From 695f429a47d1df392510ea61bf1c92077ee64cdc Mon Sep 17 00:00:00 2001
From: Andreas Kloeckner <inform@tiker.net>
Date: Wed, 31 Mar 2021 13:59:37 -0500
Subject: [PATCH 2/2] mempool: bin_number and alloc_size are no longer static

---
 src/wrapper/mempool.cpp | 2 --
 test/test_driver.py     | 7 ++++---
 2 files changed, 4 insertions(+), 5 deletions(-)

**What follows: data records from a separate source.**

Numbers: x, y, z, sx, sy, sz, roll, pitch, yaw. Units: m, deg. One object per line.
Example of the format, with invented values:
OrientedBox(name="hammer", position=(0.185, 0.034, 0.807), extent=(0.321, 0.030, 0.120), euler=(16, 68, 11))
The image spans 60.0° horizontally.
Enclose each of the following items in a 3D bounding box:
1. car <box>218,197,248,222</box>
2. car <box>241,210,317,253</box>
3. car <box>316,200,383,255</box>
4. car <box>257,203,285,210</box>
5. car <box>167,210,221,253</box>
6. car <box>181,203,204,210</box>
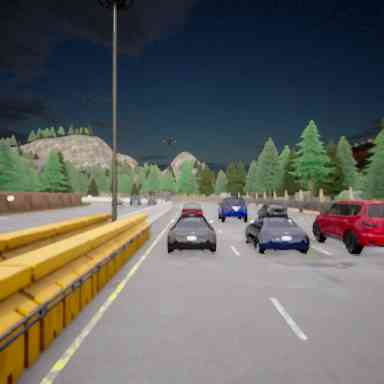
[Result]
OrientedBox(name="car", position=(3.503, 1.486, 29.019), extent=(2.150, 2.045, 5.566), euler=(0, 0, 0))
OrientedBox(name="car", position=(3.504, 1.697, 14.299), extent=(1.994, 1.385, 4.181), euler=(0, 0, 0))
OrientedBox(name="car", position=(7.002, 1.347, 14.016), extent=(2.150, 2.045, 5.566), euler=(0, 0, 0))
OrientedBox(name="car", position=(7.006, 1.779, 29.297), extent=(1.837, 1.490, 4.892), euler=(0, 0, 0))
OrientedBox(name="car", position=(0.003, 1.698, 14.309), extent=(1.994, 1.385, 4.181), euler=(0, 0, 0))
OrientedBox(name="car", position=(0.007, 1.751, 29.471), extent=(1.882, 1.535, 5.008), euler=(0, 0, 0))
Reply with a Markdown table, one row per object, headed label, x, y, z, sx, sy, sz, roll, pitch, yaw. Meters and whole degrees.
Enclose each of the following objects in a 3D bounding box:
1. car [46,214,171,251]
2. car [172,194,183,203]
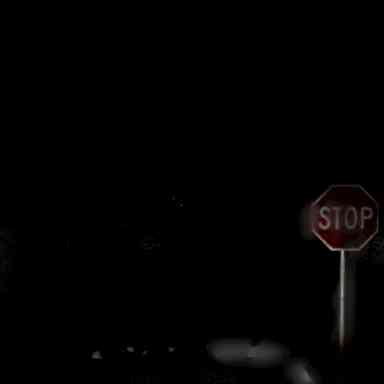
| label | x | y | z | sx | sy | sz | roll | pitch | yaw |
| --- | --- | --- | --- | --- | --- | --- | --- | --- | --- |
| car | -3.210 | 1.588 | 13.545 | 4.718 | 1.301 | 1.895 | 1 | 1 | 0 |
| car | -2.818 | 1.228 | 65.478 | 2.097 | 1.767 | 4.553 | 0 | 0 | 0 |
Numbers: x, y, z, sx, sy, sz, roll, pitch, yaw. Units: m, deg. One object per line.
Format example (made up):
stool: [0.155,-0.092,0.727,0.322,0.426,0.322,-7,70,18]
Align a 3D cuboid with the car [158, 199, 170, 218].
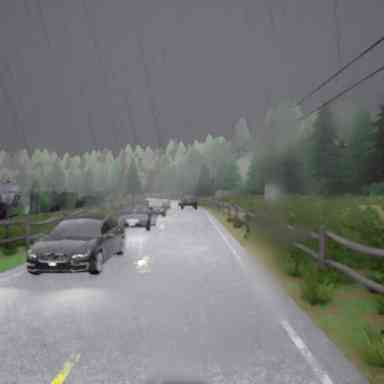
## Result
car: [-3.375,1.582,31.359,1.812,1.442,4.674,0,0,-1]

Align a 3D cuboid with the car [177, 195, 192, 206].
car: [-1.284,1.437,56.036,2.097,1.767,4.553,0,0,-6]

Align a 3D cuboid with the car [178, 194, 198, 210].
car: [-0.458,1.290,45.385,2.150,2.045,5.566,0,0,-3]

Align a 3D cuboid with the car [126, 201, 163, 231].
car: [-3.320,1.533,21.012,2.128,1.511,4.902,0,0,0]

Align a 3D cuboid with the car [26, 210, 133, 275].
car: [-3.399,1.533,10.660,1.837,1.490,4.892,0,0,1]
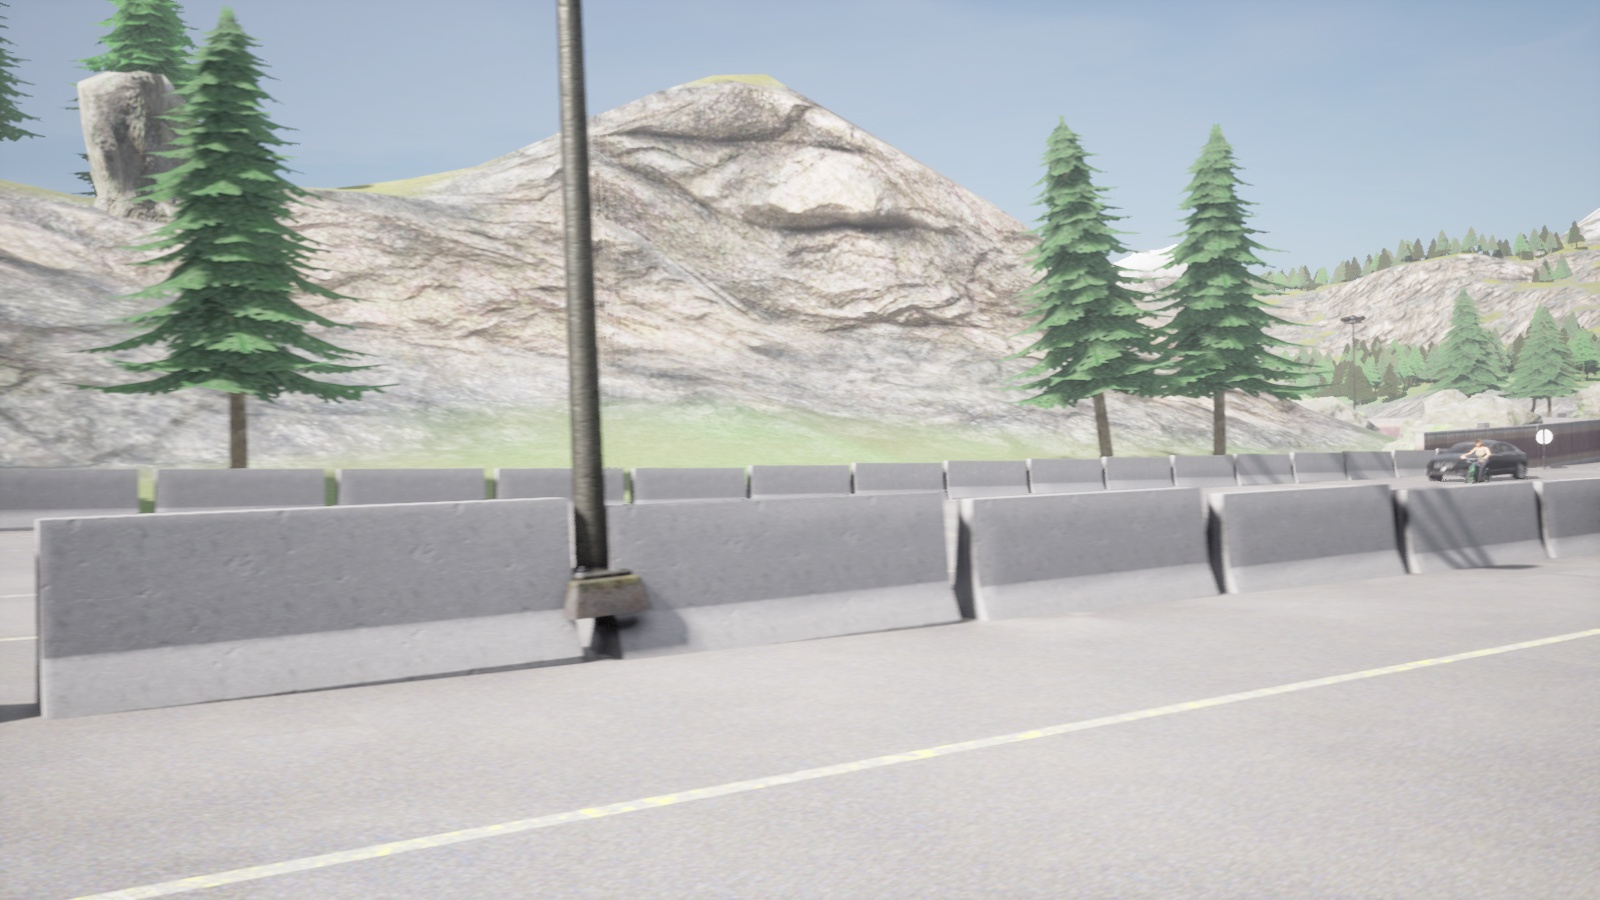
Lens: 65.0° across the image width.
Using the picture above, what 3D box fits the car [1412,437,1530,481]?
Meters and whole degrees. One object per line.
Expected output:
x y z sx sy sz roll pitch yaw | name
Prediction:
24.941 0.302 46.608 4.892 1.490 1.837 -1 1 -35 | car

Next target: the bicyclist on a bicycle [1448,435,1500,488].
21.406 0.359 39.887 1.509 1.612 0.866 -1 1 -35 | bicyclist on a bicycle
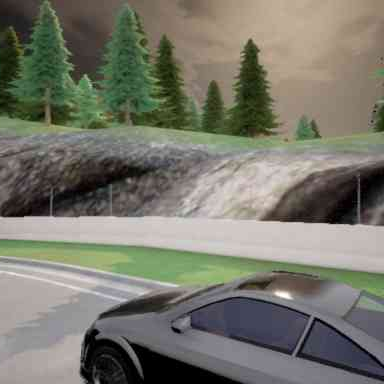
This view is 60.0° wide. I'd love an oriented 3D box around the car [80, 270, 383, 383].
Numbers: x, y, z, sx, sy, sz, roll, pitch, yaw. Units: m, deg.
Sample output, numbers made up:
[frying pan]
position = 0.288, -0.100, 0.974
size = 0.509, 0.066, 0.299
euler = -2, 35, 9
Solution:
[car]
position = 0.740, 1.579, 3.491
size = 4.181, 1.385, 1.994
euler = -1, 0, 35
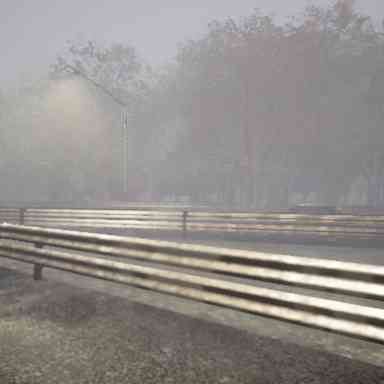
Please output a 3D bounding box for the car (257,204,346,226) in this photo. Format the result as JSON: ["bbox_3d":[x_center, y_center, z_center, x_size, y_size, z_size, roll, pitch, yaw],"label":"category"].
[{"bbox_3d":[6.251,1.499,19.291,4.856,1.649,2.033,0,0,18],"label":"car"}]
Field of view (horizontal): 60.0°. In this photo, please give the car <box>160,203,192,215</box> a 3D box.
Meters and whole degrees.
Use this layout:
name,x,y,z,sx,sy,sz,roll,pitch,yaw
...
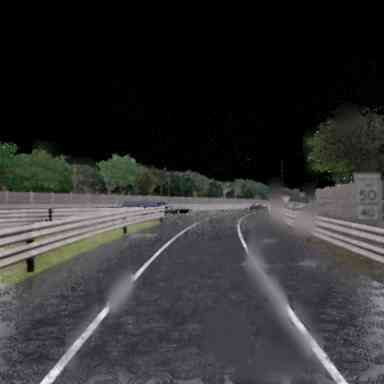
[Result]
name,x,y,z,sx,sy,sz,roll,pitch,yaw
car,-1.892,2.555,45.880,1.895,1.301,4.718,-1,-2,29

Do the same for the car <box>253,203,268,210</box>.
name,x,y,z,sx,sy,sz,roll,pitch,yaw
car,17.011,3.581,80.321,1.837,1.490,4.892,-1,-2,29

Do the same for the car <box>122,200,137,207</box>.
name,x,y,z,sx,sy,sz,roll,pitch,yaw
car,-8.021,2.240,49.267,2.150,2.045,5.566,-1,-2,29

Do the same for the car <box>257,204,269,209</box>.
name,x,y,z,sx,sy,sz,roll,pitch,yaw
car,19.909,3.970,92.876,1.837,1.490,4.892,-1,-2,29

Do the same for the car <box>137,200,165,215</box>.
name,x,y,z,sx,sy,sz,roll,pitch,yaw
car,-4.952,2.207,47.583,2.150,2.045,5.566,-1,-2,29
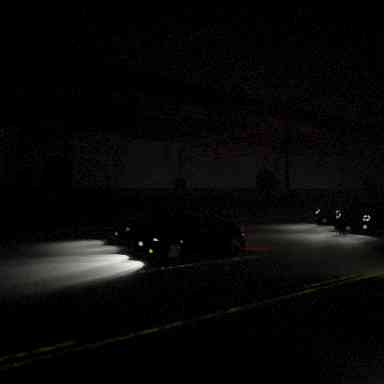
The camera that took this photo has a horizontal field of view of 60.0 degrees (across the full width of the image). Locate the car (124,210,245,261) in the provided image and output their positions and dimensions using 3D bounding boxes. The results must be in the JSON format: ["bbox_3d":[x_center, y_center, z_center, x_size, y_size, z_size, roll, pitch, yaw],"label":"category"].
[{"bbox_3d":[-0.049,1.565,12.292,4.181,1.385,1.994,0,0,-33],"label":"car"}]

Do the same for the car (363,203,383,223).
[{"bbox_3d":[15.835,1.602,26.664,4.181,1.385,1.994,0,0,-33],"label":"car"}]

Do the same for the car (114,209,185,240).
[{"bbox_3d":[-1.316,1.525,15.644,4.674,1.442,1.812,0,0,-33],"label":"car"}]

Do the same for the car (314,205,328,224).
[{"bbox_3d":[10.737,1.351,23.463,4.553,1.767,2.097,0,0,-33],"label":"car"}]

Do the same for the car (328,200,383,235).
[{"bbox_3d":[10.197,1.353,18.946,4.553,1.767,2.097,0,0,-33],"label":"car"}]
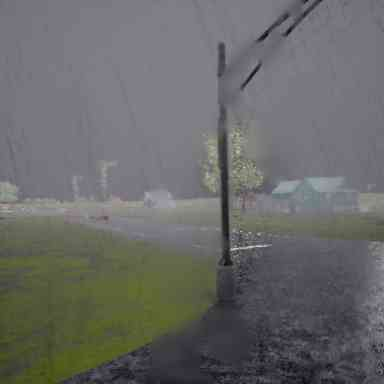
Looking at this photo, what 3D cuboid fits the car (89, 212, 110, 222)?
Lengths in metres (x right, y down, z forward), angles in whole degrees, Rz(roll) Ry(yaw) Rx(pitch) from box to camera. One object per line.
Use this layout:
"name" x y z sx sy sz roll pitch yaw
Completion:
"car" -13.008 3.518 46.706 1.895 1.301 4.718 -1 -2 -28
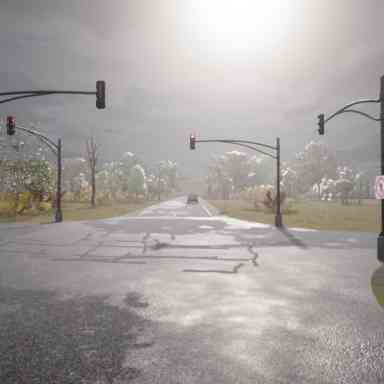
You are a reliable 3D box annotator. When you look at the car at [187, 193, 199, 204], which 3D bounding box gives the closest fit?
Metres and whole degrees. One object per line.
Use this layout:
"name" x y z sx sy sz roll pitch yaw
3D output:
"car" 0.176 1.292 67.639 2.150 2.045 5.566 0 0 0
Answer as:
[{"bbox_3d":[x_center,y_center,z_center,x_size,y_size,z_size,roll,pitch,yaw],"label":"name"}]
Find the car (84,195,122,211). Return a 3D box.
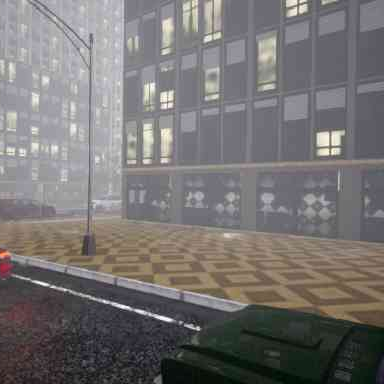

diff --git a/src/wrapper/mempool.cpp b/src/wrapper/mempool.cpp
index 77a4a737..66f43f7e 100644
--- a/src/wrapper/mempool.cpp
+++ b/src/wrapper/mempool.cpp
@@ -234,8 +234,6 @@ namespace
       .DEF_SIMPLE_METHOD(alloc_size)
       .DEF_SIMPLE_METHOD(free_held)
       .DEF_SIMPLE_METHOD(stop_holding)
-      .staticmethod("bin_number")
-      .staticmethod("alloc_size")
       ;
   }
 }
diff --git a/test/test_driver.py b/test/test_driver.py
index b022aa37..98f3c8aa 100644
--- a/test/test_driver.py
+++ b/test/test_driver.py
@@ -669,14 +669,15 @@ class TestDriver:
     def test_mempool_2(self):
         from pycuda.tools import DeviceMemoryPool
         from random import randrange
+        pool = DeviceMemoryPool()
 
         for i in range(2000):
             s = randrange(1 << 31) >> randrange(32)
-            bin_nr = DeviceMemoryPool.bin_number(s)
-            asize = DeviceMemoryPool.alloc_size(bin_nr)
+            bin_nr = pool.bin_number(s)
+            asize = pool.alloc_size(bin_nr)
 
             assert asize >= s, s
-            assert DeviceMemoryPool.bin_number(asize) == bin_nr, s
+            assert pool.bin_number(asize) == bin_nr, s
             assert asize < asize * (1 + 1 / 8)
 
     @mark_cuda_test
-- 
GitLab